> [Exercise prompt] Give back the records below exactly, omitting the pictures.

(Entries taken from a collection)

+++++

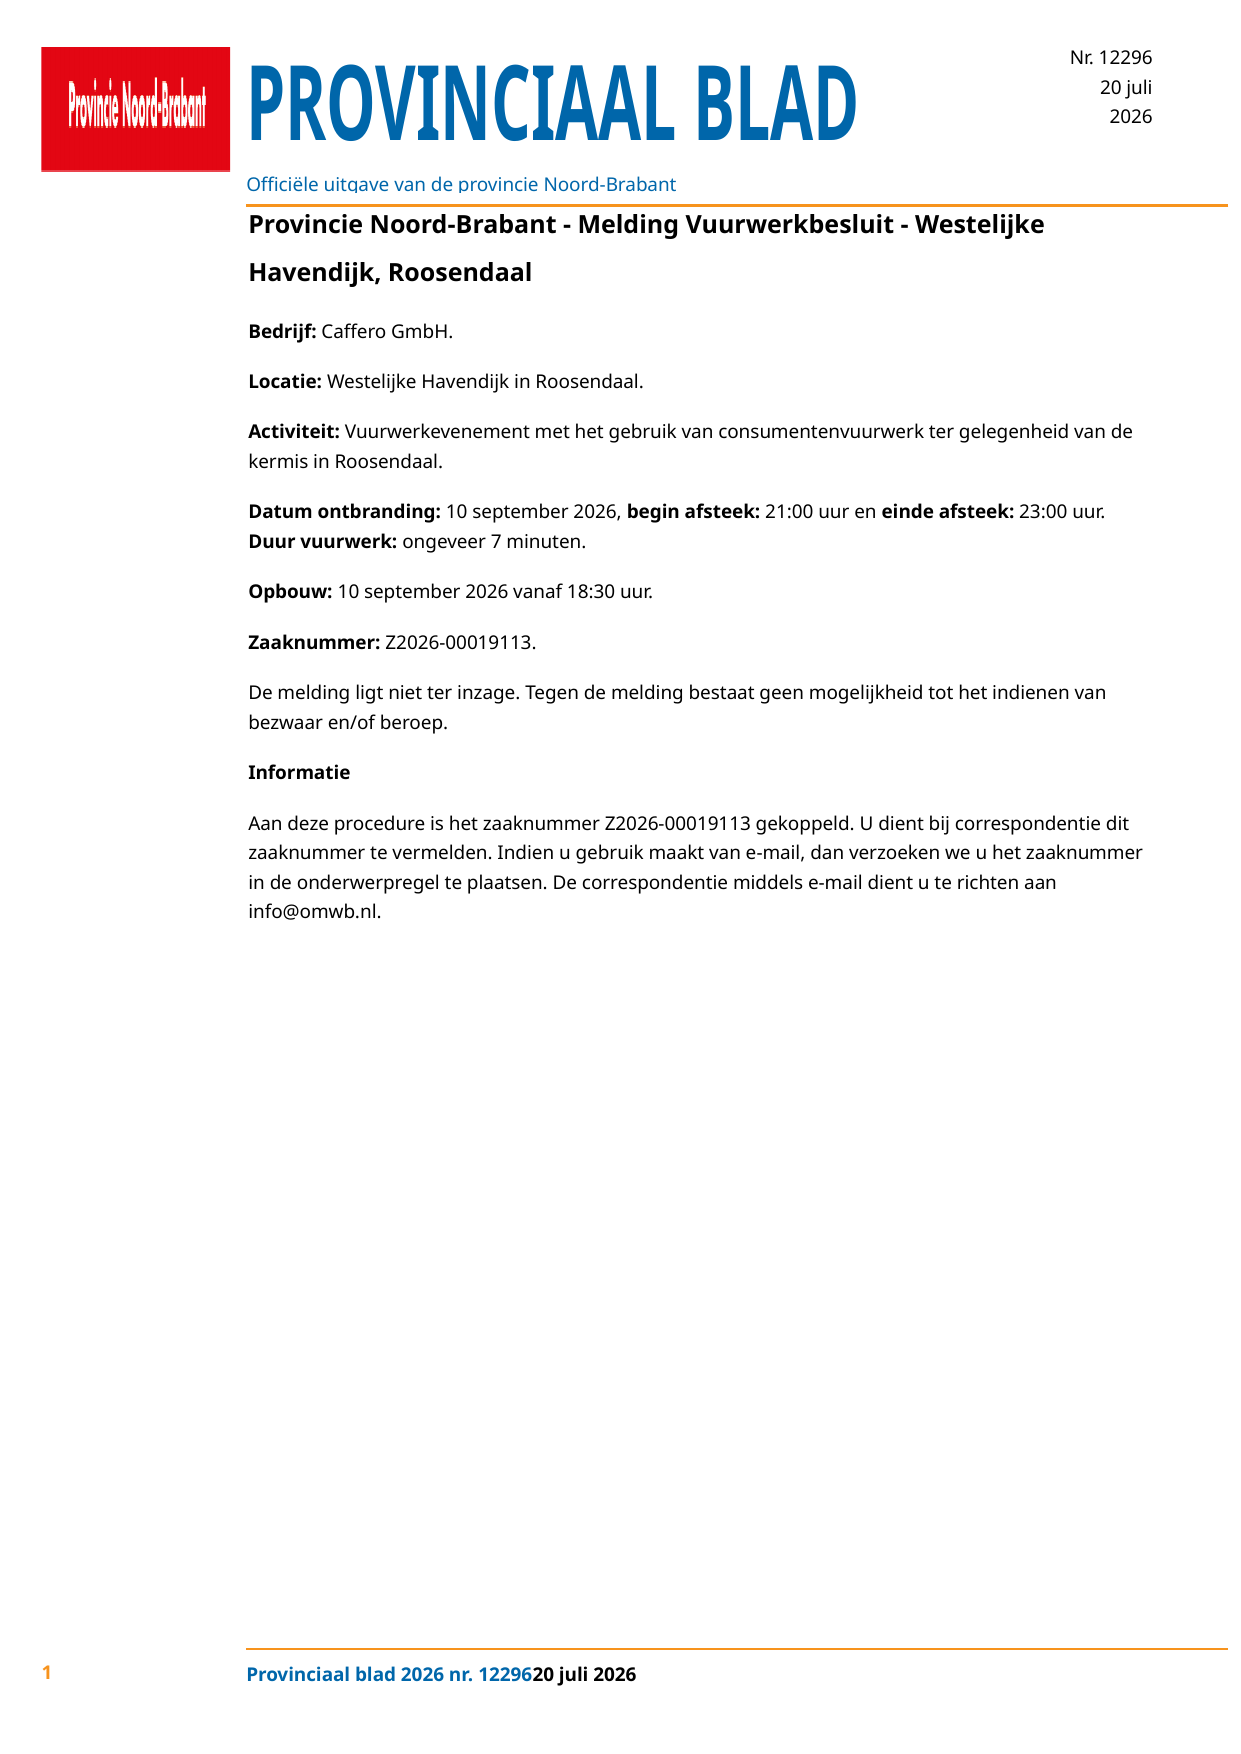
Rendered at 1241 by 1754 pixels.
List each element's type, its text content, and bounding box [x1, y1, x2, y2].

text Bedrijf: Caffero GmbH. [248, 318, 1152, 344]
text Informatie [248, 759, 1152, 785]
text De melding ligt niet ter inzage. Tegen de melding bestaat geen mogelijkheid tot het indienen van bezwaar en/of beroep. [248, 679, 1152, 735]
text Activiteit: Vuurwerkevenement met het gebruik van consumentenvuurwerk ter gelegenheid van de kermis in Roosendaal. [248, 419, 1152, 474]
picture [41, 47, 231, 172]
text Locatie: Westelijke Havendijk in Roosendaal. [248, 368, 1152, 394]
text Datum ontbranding: 10 september 2026, begin afsteek: 21:00 uur en einde afsteek: 23:00 uur. Duur vuurwerk: ongeveer 7 minuten. [248, 499, 1152, 554]
text Opbouw: 10 september 2026 vanaf 18:30 uur. [248, 579, 1152, 604]
text Provincie Noord-Brabant - Melding Vuurwerkbesluit - Westelijke Havendijk, Roosendaal [248, 207, 1152, 288]
text Aan deze procedure is het zaaknummer Z2026-00019113 gekoppeld. U dient bij correspondentie dit zaaknummer te vermelden. Indien u gebruik maakt van e-mail, dan verzoeken we u het zaaknummer in de onderwerpregel te plaatsen. De correspondentie middels e-mail dient u te richten aan info@omwb.nl. [248, 810, 1152, 924]
text Zaaknummer: Z2026-00019113. [248, 629, 1152, 655]

+++++

> [Reply]
Rendered at 1241 by 1754 pixels.
List each element's type, its text content, and bounding box [x1, y1, x2, y2].

text Bedrijf: Caffero GmbH. [248, 318, 1152, 344]
text Informatie [248, 759, 1152, 785]
text De melding ligt niet ter inzage. Tegen de melding bestaat geen mogelijkheid tot het indienen van bezwaar en/of beroep. [248, 679, 1152, 735]
text Activiteit: Vuurwerkevenement met het gebruik van consumentenvuurwerk ter gelegenheid van de kermis in Roosendaal. [248, 419, 1152, 474]
picture [41, 47, 231, 172]
text Locatie: Westelijke Havendijk in Roosendaal. [248, 368, 1152, 394]
text Datum ontbranding: 10 september 2026, begin afsteek: 21:00 uur en einde afsteek: 23:00 uur. Duur vuurwerk: ongeveer 7 minuten. [248, 499, 1152, 554]
text Opbouw: 10 september 2026 vanaf 18:30 uur. [248, 579, 1152, 604]
text Provincie Noord-Brabant - Melding Vuurwerkbesluit - Westelijke Havendijk, Roosendaal [248, 207, 1152, 288]
text Aan deze procedure is het zaaknummer Z2026-00019113 gekoppeld. U dient bij correspondentie dit zaaknummer te vermelden. Indien u gebruik maakt van e-mail, dan verzoeken we u het zaaknummer in de onderwerpregel te plaatsen. De correspondentie middels e-mail dient u te richten aan info@omwb.nl. [248, 810, 1152, 924]
text Zaaknummer: Z2026-00019113. [248, 629, 1152, 655]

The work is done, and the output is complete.